I have takin my roof trim of my 58 and the sealer was like a soft putty. After 50 years it was still very soft and I could remove it with my fingers. I to would like to know what other members have used to seal it. I was going to use rubber washers under the front stainless trim and then a silicon on the diecast trim.

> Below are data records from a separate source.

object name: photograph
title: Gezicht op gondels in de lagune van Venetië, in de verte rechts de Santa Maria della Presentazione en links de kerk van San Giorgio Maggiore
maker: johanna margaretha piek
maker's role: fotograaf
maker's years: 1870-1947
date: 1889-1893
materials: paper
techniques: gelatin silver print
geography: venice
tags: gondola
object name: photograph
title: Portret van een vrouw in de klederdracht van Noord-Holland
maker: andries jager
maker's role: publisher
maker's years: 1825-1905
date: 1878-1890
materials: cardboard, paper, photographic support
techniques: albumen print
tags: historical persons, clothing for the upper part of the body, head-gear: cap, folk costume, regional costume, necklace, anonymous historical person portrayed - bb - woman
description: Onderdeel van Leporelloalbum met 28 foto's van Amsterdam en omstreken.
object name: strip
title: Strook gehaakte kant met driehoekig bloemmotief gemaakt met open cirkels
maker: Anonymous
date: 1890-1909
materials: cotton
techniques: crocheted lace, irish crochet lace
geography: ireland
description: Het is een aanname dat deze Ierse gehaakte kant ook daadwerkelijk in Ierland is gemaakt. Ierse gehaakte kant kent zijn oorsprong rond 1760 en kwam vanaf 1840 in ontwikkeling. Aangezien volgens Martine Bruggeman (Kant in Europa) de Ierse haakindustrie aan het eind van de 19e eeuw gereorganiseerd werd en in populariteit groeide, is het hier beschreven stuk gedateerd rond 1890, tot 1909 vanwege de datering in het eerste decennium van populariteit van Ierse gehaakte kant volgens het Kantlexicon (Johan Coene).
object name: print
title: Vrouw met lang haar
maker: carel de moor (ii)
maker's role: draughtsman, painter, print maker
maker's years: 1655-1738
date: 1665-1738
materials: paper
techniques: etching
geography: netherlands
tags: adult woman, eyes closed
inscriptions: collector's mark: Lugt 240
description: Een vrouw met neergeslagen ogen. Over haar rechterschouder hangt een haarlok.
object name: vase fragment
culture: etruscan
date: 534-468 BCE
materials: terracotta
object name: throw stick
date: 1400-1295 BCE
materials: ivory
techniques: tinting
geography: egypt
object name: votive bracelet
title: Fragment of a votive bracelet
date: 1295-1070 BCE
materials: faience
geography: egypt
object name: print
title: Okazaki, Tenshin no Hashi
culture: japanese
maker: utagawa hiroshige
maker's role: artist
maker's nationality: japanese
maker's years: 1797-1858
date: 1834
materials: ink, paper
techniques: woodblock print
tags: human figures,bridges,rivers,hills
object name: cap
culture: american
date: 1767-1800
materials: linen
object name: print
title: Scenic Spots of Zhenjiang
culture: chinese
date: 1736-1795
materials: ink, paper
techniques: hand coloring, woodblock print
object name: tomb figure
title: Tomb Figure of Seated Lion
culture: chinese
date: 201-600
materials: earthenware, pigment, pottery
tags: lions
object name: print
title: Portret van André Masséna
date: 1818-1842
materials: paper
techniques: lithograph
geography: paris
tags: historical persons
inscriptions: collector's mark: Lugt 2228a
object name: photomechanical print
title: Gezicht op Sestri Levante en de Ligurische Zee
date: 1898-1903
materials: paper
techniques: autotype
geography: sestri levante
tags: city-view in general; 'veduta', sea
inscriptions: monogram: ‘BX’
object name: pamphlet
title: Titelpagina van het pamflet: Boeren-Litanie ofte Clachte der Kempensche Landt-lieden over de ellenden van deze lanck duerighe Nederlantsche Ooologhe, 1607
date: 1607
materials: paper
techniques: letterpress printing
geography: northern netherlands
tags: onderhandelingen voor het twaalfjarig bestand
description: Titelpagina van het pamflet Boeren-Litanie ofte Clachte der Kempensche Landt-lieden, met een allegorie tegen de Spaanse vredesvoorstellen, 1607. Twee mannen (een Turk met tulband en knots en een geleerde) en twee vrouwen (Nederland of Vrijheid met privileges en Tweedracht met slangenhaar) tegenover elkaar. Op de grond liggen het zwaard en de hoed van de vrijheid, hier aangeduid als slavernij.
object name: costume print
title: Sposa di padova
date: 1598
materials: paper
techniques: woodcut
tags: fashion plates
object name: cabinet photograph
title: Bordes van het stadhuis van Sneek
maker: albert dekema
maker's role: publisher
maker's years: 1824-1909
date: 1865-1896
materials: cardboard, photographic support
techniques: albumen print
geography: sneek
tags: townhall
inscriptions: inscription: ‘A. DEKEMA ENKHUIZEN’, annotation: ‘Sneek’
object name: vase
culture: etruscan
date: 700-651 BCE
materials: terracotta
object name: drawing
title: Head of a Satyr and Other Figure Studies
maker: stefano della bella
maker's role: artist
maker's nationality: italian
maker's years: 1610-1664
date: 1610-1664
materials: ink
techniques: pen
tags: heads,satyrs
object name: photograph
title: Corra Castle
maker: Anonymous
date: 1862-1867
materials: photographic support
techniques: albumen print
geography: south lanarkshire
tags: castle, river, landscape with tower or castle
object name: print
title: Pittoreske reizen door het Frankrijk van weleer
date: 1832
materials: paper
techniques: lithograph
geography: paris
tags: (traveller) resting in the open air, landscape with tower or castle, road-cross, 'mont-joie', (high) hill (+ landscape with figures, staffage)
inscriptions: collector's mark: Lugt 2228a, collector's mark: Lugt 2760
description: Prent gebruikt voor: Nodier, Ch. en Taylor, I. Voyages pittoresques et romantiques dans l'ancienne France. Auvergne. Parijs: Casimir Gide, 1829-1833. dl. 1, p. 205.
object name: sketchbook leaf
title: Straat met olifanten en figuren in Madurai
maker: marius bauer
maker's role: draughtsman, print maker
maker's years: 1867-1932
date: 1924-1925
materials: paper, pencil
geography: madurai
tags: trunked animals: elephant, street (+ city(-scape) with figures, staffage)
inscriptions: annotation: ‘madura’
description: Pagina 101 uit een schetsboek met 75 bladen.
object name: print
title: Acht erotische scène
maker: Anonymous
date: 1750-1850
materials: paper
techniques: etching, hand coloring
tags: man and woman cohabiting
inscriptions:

Any more suggestions?

Chris Wardle
1958 Imp Crown coupe

----- Original Message ----- From: "Joe Strickland" <jwstrick426@xxxxxxxxxx>
To: "Imperial Mail List" <mailing-list@xxxxxxxxxxxxxxxx>
Sent: Wednesday, March 12, 2008 2:57 AM
Subject: IML: Sealing Imperial Roof and Trunk lid Trim

Along with the discussion of sealing Imperial stainless steel roof
panels there is the issue of how the roof trim should be sealed when it
is re-installed.  On '62 models the standard trunk trim piece is a
chrome rib that has several machine threaded studs that are accessed
from the bottom side of the trunk lid.  The same issue would apply to
sealing the roof trim on those years that have the SS roof trim, or even
the conventional models that have roof trim pieces that go across the
top as in '57-59 models etc.  What type of sealer was originally used?
Was it 3-M automotive caulking compound?  Some of the trim I have seen
elsewhere on the '62 I own was a foam plastic pad (usually circular in
shape) that fit between the trim and the paint surface of the body part
with the fastener on it underneath side of the body part.  I have been
thinking about how to re-attach various trim pieces that have holes
through the body sheet metal.  I am leaning toward the possibility of
using clear GE silicone caulk.  It lasts for 20 years or so and remains
flexible.  3-M caulk goes on soft, but eventually dries out.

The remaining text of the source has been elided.